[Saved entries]
§ §

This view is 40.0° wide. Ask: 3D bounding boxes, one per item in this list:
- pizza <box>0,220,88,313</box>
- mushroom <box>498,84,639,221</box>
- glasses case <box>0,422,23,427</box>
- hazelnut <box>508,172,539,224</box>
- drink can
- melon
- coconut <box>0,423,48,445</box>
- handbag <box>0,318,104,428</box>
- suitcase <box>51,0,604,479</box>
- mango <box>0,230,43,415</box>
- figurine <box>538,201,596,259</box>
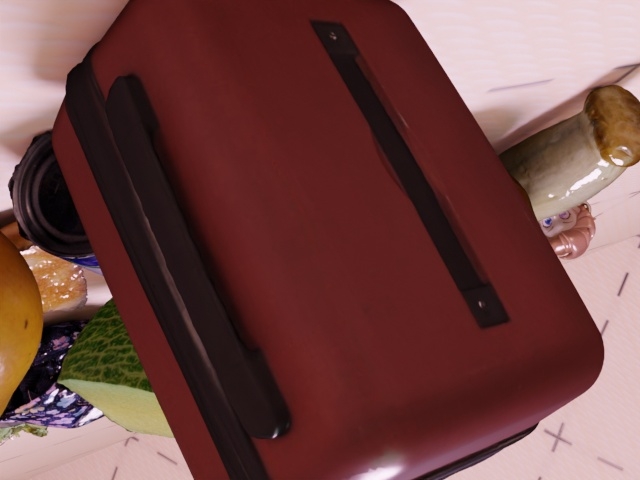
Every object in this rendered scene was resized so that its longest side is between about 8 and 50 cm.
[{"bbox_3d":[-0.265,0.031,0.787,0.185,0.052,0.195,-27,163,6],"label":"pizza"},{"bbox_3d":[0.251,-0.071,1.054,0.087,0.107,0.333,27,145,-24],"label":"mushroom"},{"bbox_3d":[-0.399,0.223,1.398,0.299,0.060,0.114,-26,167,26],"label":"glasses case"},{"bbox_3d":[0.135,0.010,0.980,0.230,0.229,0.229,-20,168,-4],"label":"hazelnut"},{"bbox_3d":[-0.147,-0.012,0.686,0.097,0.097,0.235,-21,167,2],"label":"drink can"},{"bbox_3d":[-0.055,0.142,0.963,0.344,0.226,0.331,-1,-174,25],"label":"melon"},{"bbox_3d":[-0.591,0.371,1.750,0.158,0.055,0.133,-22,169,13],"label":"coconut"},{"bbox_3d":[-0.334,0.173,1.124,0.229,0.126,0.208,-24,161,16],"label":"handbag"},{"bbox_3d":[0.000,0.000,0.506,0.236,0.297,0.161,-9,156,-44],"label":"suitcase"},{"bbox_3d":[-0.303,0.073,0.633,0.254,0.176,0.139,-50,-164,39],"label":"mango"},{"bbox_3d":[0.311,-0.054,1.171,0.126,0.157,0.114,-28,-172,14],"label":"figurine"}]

§ §

# Task to complete
From the first line to the last, retype the data exactly, without images.

# Exercise result
This view is 40.0° wide. Ask: 3D bounding boxes, one per item in this list:
- pizza <box>0,220,88,313</box>
- mushroom <box>498,84,639,221</box>
- glasses case <box>0,422,23,427</box>
- hazelnut <box>508,172,539,224</box>
- drink can
- melon
- coconut <box>0,423,48,445</box>
- handbag <box>0,318,104,428</box>
- suitcase <box>51,0,604,479</box>
- mango <box>0,230,43,415</box>
- figurine <box>538,201,596,259</box>
Every object in this rendered scene was resized so that its longest side is between about 8 and 50 cm.
[{"bbox_3d":[-0.265,0.031,0.787,0.185,0.052,0.195,-27,163,6],"label":"pizza"},{"bbox_3d":[0.251,-0.071,1.054,0.087,0.107,0.333,27,145,-24],"label":"mushroom"},{"bbox_3d":[-0.399,0.223,1.398,0.299,0.060,0.114,-26,167,26],"label":"glasses case"},{"bbox_3d":[0.135,0.010,0.980,0.230,0.229,0.229,-20,168,-4],"label":"hazelnut"},{"bbox_3d":[-0.147,-0.012,0.686,0.097,0.097,0.235,-21,167,2],"label":"drink can"},{"bbox_3d":[-0.055,0.142,0.963,0.344,0.226,0.331,-1,-174,25],"label":"melon"},{"bbox_3d":[-0.591,0.371,1.750,0.158,0.055,0.133,-22,169,13],"label":"coconut"},{"bbox_3d":[-0.334,0.173,1.124,0.229,0.126,0.208,-24,161,16],"label":"handbag"},{"bbox_3d":[0.000,0.000,0.506,0.236,0.297,0.161,-9,156,-44],"label":"suitcase"},{"bbox_3d":[-0.303,0.073,0.633,0.254,0.176,0.139,-50,-164,39],"label":"mango"},{"bbox_3d":[0.311,-0.054,1.171,0.126,0.157,0.114,-28,-172,14],"label":"figurine"}]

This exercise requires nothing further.